The National Curriculum for Computing aims to ensure that all pupils:

  • Can understand and apply the fundamental principles of computer science, including: logic, algorithms, data representation, and communication
  • Can analyse problems in computational terms and have repeated practical experience of writing computer programs in order to solve such problems.
  • Can evaluate and apply information technology, including new or unfamiliar technologies, analytically to solve problems.
  • Are responsible, competent, confident and creative users of information and communication technology.

Rationale

The school believes that IT, Computer Science and Digital Literacy progression:

  • Provides essential life skills necessary to fully participate in the modern digital world.
  • Allows children to become creators of digital content rather than simply consumers of it.
  • Provides access to a rich and varied source of information and content.
  • Communicates and presents information in new ways, which helps pupils understand, access and use information more readily.
  • Motivates and enthuse pupils.
  • Offers opportunities for communication and collaboration through group working both inside and outside of school.
  • Has the flexibility to meet the individual needs and abilities of each pupil.

Objectives

Early years (see also Early Year’s Policy)

It is important in the foundation stage to give children a broad, play-based experience of IT and computing in a range of contexts, including “Barefoot” activities and outdoor play. Computing is not just about computers. Early years learning environments should feature IT scenarios based on experience in the real world, such as in role-play. Children gain confidence, control and language skills through opportunities such as ‘programming’ each other using directional language to find toys/objects, creating artwork using digital drawing tools and controlling programmable toys.  Outdoor exploration is an important aspect and using digital recording devices such as video recorders, cameras and microphones can support children in developing communication skills. This is particularly beneficial for children who have English as an additional language.

By the end of Key Stage 1 pupils should be taught to:

  • Understand what algorithms are, how they are implemented as programs on digital devices, and that programs execute by following a sequence of instructions
  • Write and test simple programs.
  • Use logical reasoning to predict the behaviour of simple programs.
  • Organise, store, manipulate and retrieve data in a range of digital formats.
  • Communicate safely and respectfully online, keeping personal information private, and recognize common uses of information technology beyond school.

By the end of Key Stage 2 pupils should be taught to:

  • Design and write programs that accomplish specific goals, including controlling or simulating physical systems; solve problems by decomposing them into smaller parts.
  • Use sequence, selection, and repetition in programs; work with variables and various forms of input and output; generate appropriate inputs and predicted outputs to test programs.
  • Use logical reasoning to explain how a simple algorithm works and to detect and correct errors in algorithms and programs.
  • Understand computer networks including the internet; how they can provide multiple services, such as the world-wide web; and the opportunities they offer for communication and collaboration.
  • Describe how internet search engines find and store data; use search engines effectively; be discerning in evaluating digital content; respect individuals and intellectual property; use technology responsibly, securely and safely
  • Select, use and combine a variety of software (including internet services) on a range of digital devices to accomplish given goals, including collecting, analysing, evaluating and presenting data and information.

Resources and Access

The school acknowledges the need to continually maintain, update and develop its resources and to make progress towards consistent, compatible computer systems by investing in resources that will effectively deliver the objectives of the National Curriculum and support the use of IT, Computer Science and Digital Literacy across the school.

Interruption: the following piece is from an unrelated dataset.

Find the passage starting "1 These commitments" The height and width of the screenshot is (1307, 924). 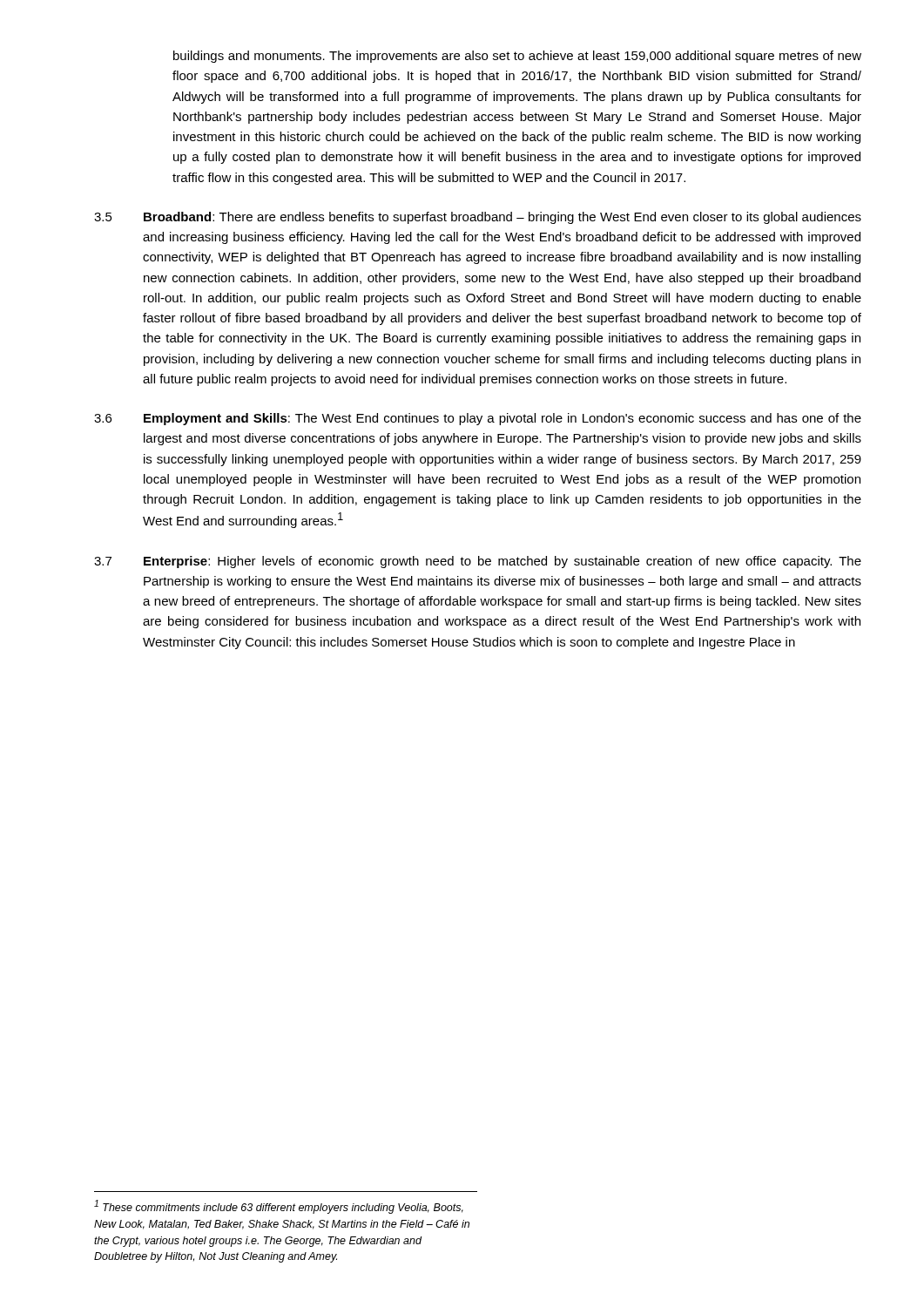coord(282,1231)

Teachers are required to inform the Computing subject leader of any faults as soon as they are noticed. Resources, if not classroom based, are located in the Computing cupboard. A service level agreement with Telford and Wrekin is currently in place to help support the subject leader to fulfil this role both in hardware & software. Computing network infrastructure and equipment has been sited so that:

  • Every classroom from nursery to Y6 has at least 2 computers connected to the school network and an interactive touchscreen board with sound.
  • Each classroom contains a set of 30 laptops or Chromebooks.
  • There is an iPad Sync & Charge cabinet in school containing 30 iPads. Additionally, each class base also has a mini-iPad for class teachers and teaching assistants to use.
  • The school has a 75” portable screen in the hall, for use in assemblies, presentations, group teaching and productions.
  • The school has access to a range of hardware to support the NCCE scheme of work, such as BeeBots and MicroBit microcomputers.
  • Software and hardware to support the NCCE scheme is regularly updated to ensure that it is compatible and appropriate to suit the pedagogy of each year group.
  • Pupils may use IT and Computing independently, in pairs, alongside a TA or in a group with a teacher.
  • The school has a Computing technician who is in school 1 day per week (Monday).
  • A governor will be invited to take a particular interest in Computing in the school.

Planning

At Woodlands we follow our own bespoke Computing progression document. The school adapts the National Centre for Computing Education “Teach Computing” scheme of work for pupils in Years 1-6. We have also incorporated the Education for a Connected World (2020) material, which is a framework to equip children and young people for a digital life.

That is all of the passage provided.